The overarching long term goal of our laboratory is to understand and exploit how adipose tissues exert powerful control over whole body glucose tolerance and insulin sensitivity. Small amounts of mouse brown (BAT) or human ?Beige? adipocytes transplanted into recipient mice can improve glucose homeostasis, highlighting the importance of understanding mechanisms of adipose browning. Based on the knowledge that intermediates of the de novo lipogenesis (DNL) pathway display potent signaling functions (e.g., Acetyl CoA as substrate for histone acetylation, transcriptional regulation) and that adipocyte DNL is highly regulated by obesity, fasting, cold exposure, and exercise, we hypothesize that adipocyte DNL is a major regulatory node in metabolism.
We aim to interrogate this concept by perturbing this DNL pathway through selective KO of DNL enzymes ATP citrate lyase (ACLY) and fatty acid synthase (FASN). Our preliminary data encourage this approach by revealing that FASN KO upregulates adipocyte neurotrophic factor Neuregulin 4 (Nrg4) and enhances expansion of sWAT sympathetic neurons (SNS), even at thermo-neutrality (30C). Thus, DNL metabolites (Acetyl CoA, Malonyl CoA) or DNL product (Palmitoyl CoA) appear to be intimately linked to controlling adipose SNS activity, adipose energy expenditure and whole body glucose homeostasis. Based on these data, this project seeks to determine the cellular and molecular mechanisms whereby adipocytes can signal to localized SNS neurons and promote the development of Beige adipocytes in sWAT.

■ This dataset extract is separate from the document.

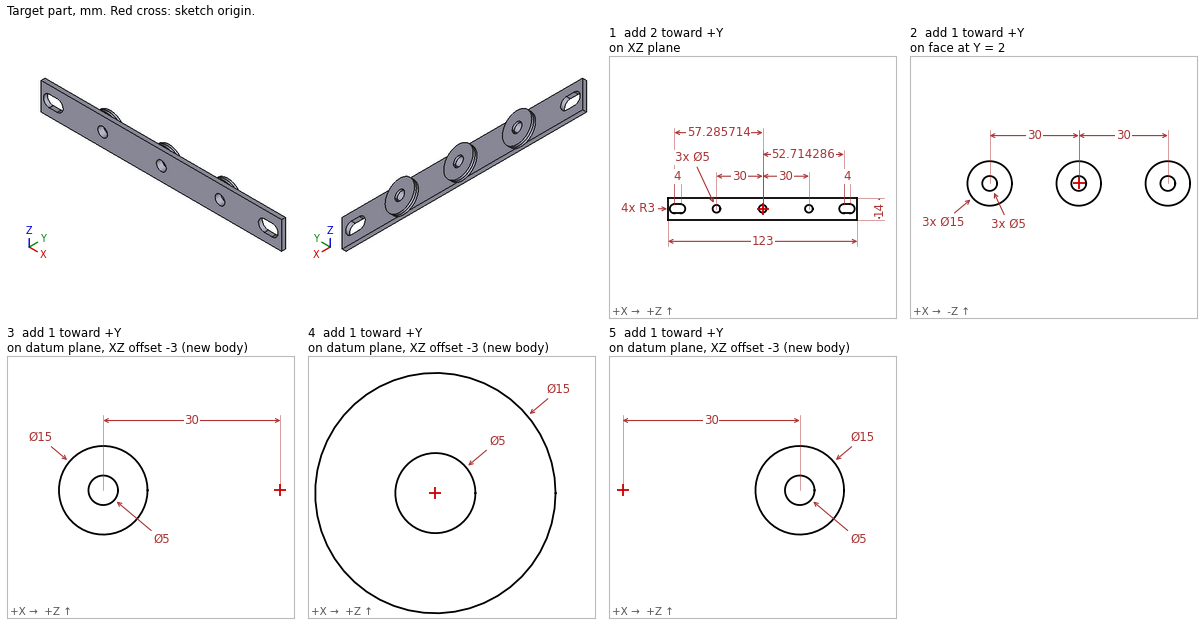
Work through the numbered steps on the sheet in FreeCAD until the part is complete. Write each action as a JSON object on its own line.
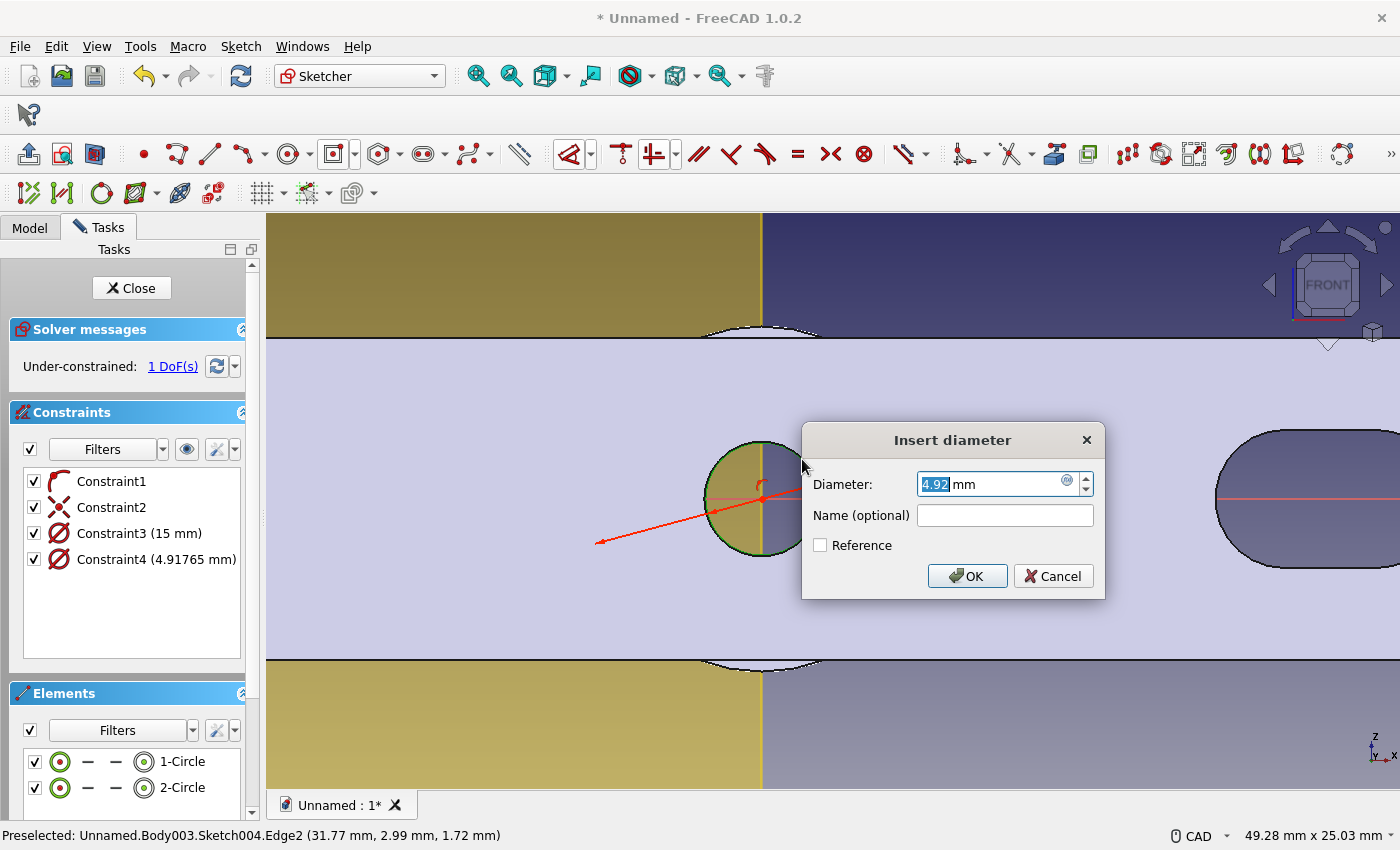
{"action": "type", "text": "5"}
{"action": "key", "text": "Return"}
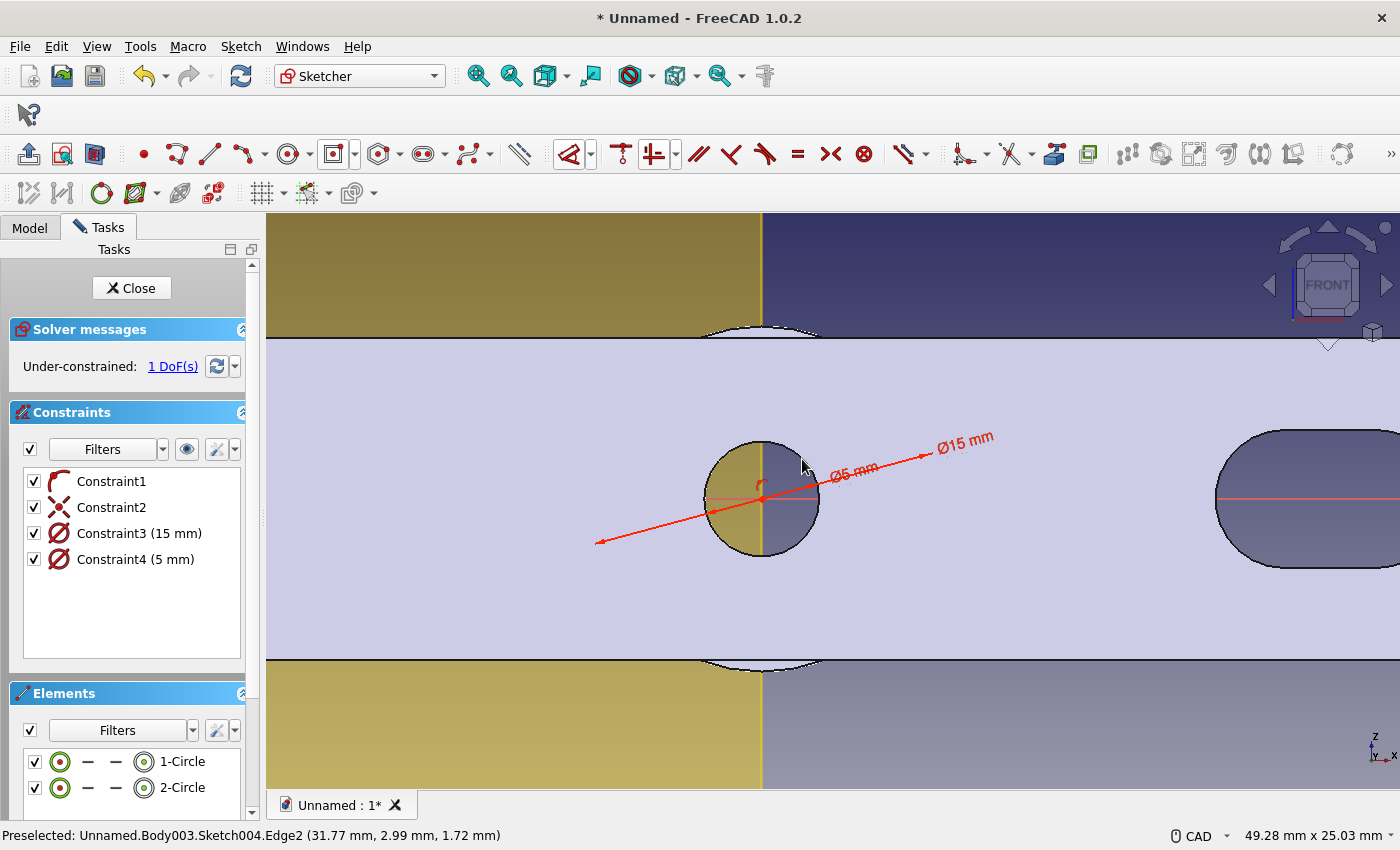
{"action": "left_click", "coordinate": [762, 499]}

Aim 1 will determine whether Beige adipocytes in iAdFASNKO mice are derived by direct ?conversion? of mature white to beige adipocytes OR by paracrine signaling to induce differentiation of progenitor cells to Beige adipocytes. To address underlying mechanisms, Aim 2 will determine whether Nrg4 (and Negr1, which may also be upregulated) mediates the effect of FASN-depleted adipocytes to cause expansion of the SNS in vivo.

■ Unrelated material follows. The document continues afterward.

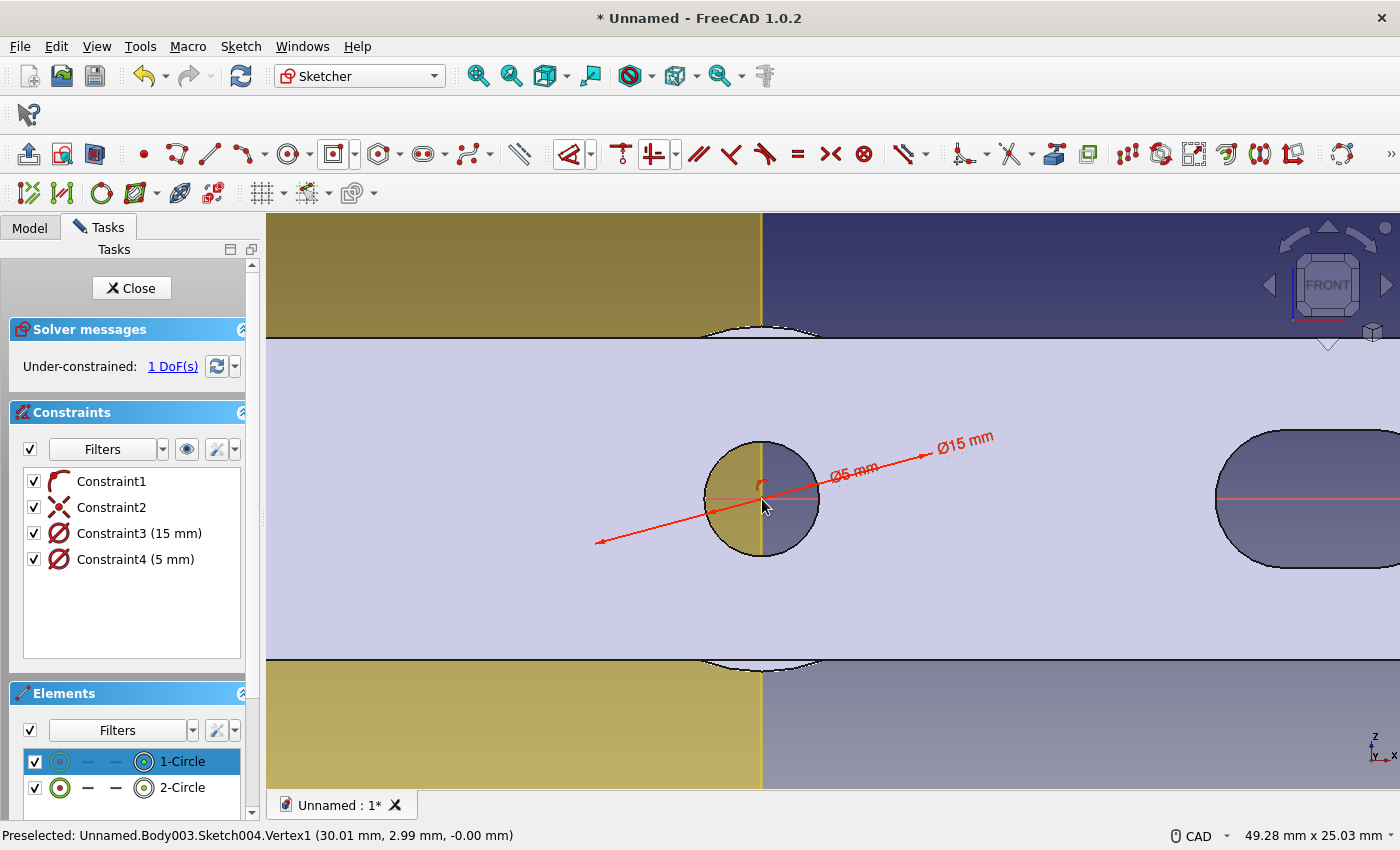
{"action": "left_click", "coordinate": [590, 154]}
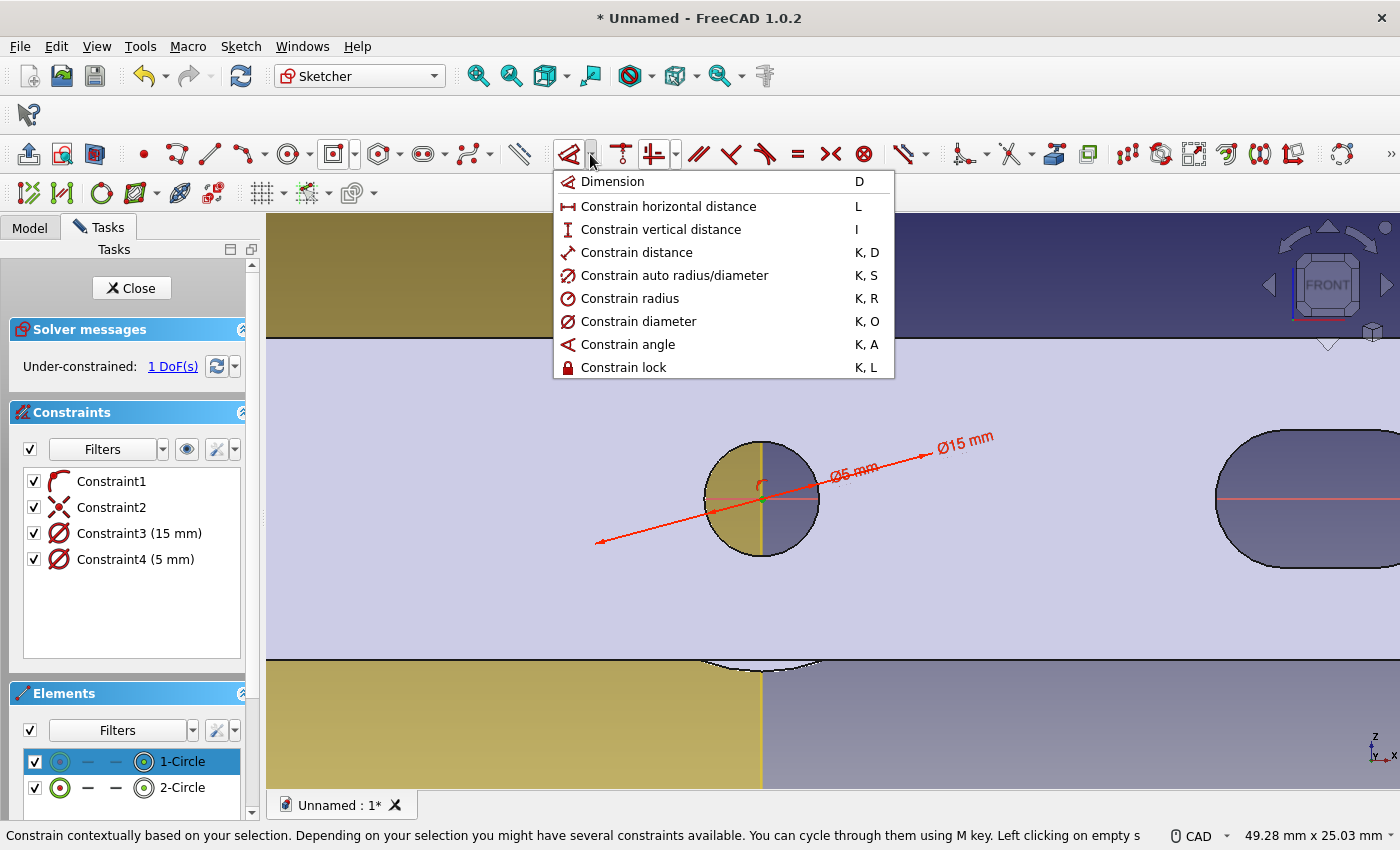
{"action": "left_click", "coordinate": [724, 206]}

This Aim i s based on exciting preliminary data showing that conditioned media from such adipocytes cause marked neurite outgrowth in PC-12 neurons in vitro, which is inhibited by Nrg4 silencing. New technology we developed will be used to delete adipocyte Nrg4 and Negr1 using CRISPR-based nanoparticles prior to implantation into recipient mice and analysis of their effects on SNS innervation. Finally, Aim 3 tests whether adipocyte DNL intermediate metabolites Acetyl CoA/Malonyl CoA in iAdFASNKO mice initiate signaling to cause Nrg4 expression and SNS expansion. These adipocyte metabolites in iAdFASNKO mice, and their acetylation and malonylation of cellular proteins, will be reversed by KO of ATP citrate Lyase (ACLY), which generates the Acetyl CoA, in double KO mice. Identifying the DNL intermediates that modulate adipocyte function will enable defining their underlying mechanisms. Together, these experiments have high potential to define novel signaling pathways driven by DNL metabolites that regulate adipose browning and new therapeutic strategies for type 2 diabetes.

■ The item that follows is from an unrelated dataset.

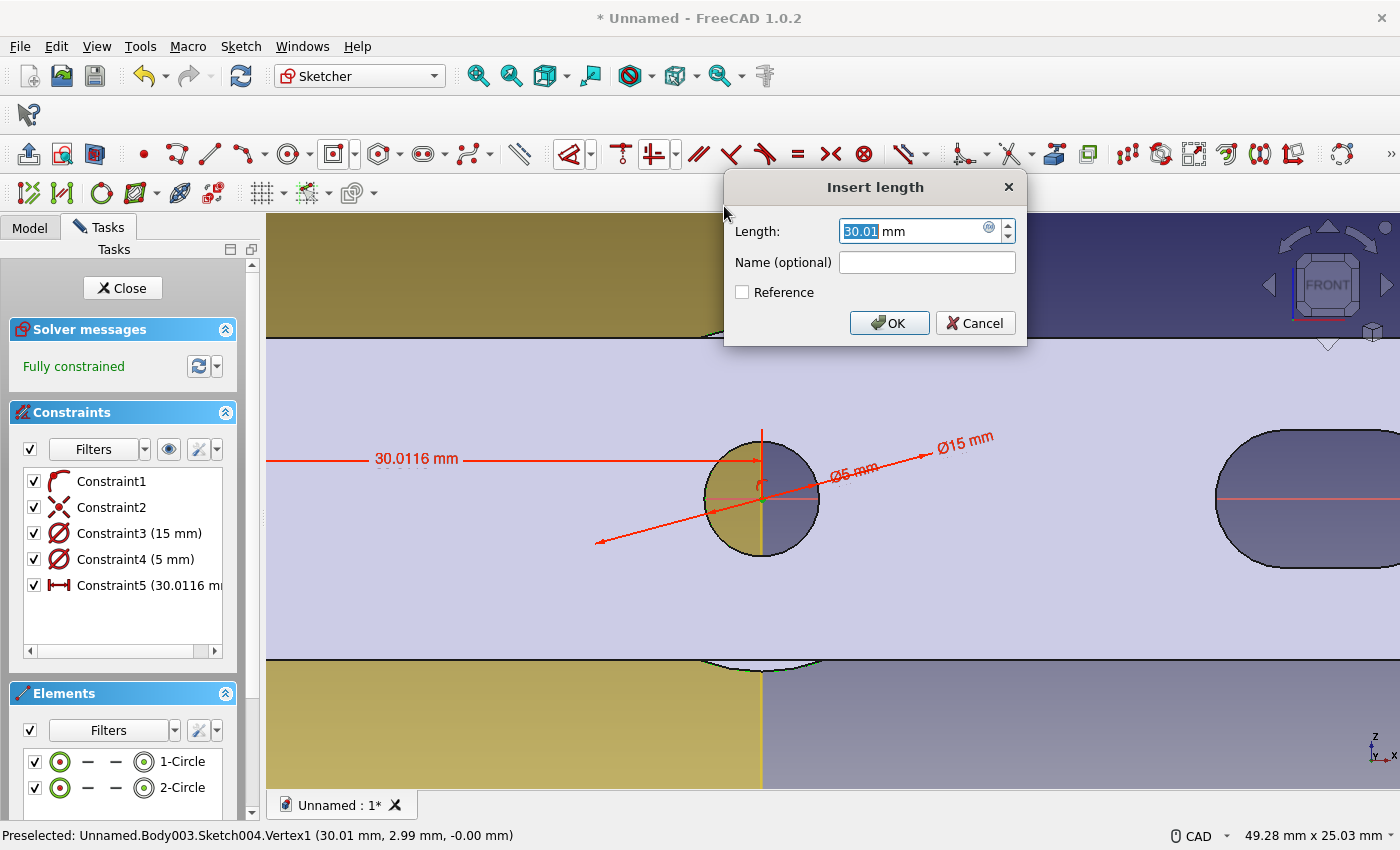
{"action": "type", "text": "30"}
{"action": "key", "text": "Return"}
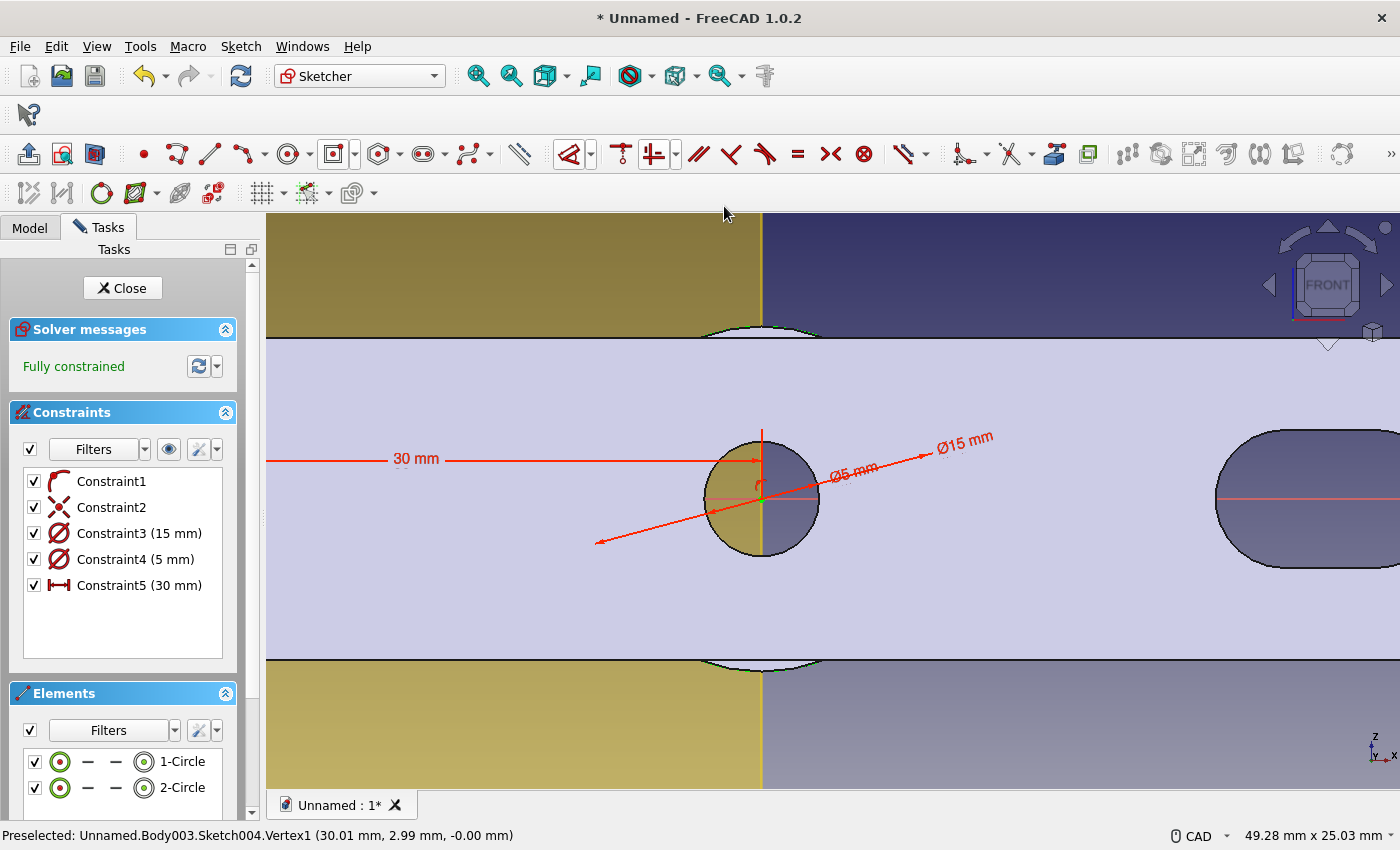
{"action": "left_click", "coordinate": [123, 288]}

Obesity and its complications including type 2 diabetes are major health issues throughout the world. Although too much fat storage and adiposity can cause metabolic disease, a specific type of adipose tissue (brown adipose tissue) is able to burn fat and secrete factors that are beneficial to whole body metabolism. This project seeks to test whether such adipocyte factors are able to mediate their beneficial effects through signaling to local sympathetic neurons that can then expand beneficial brown adipose tissue depots.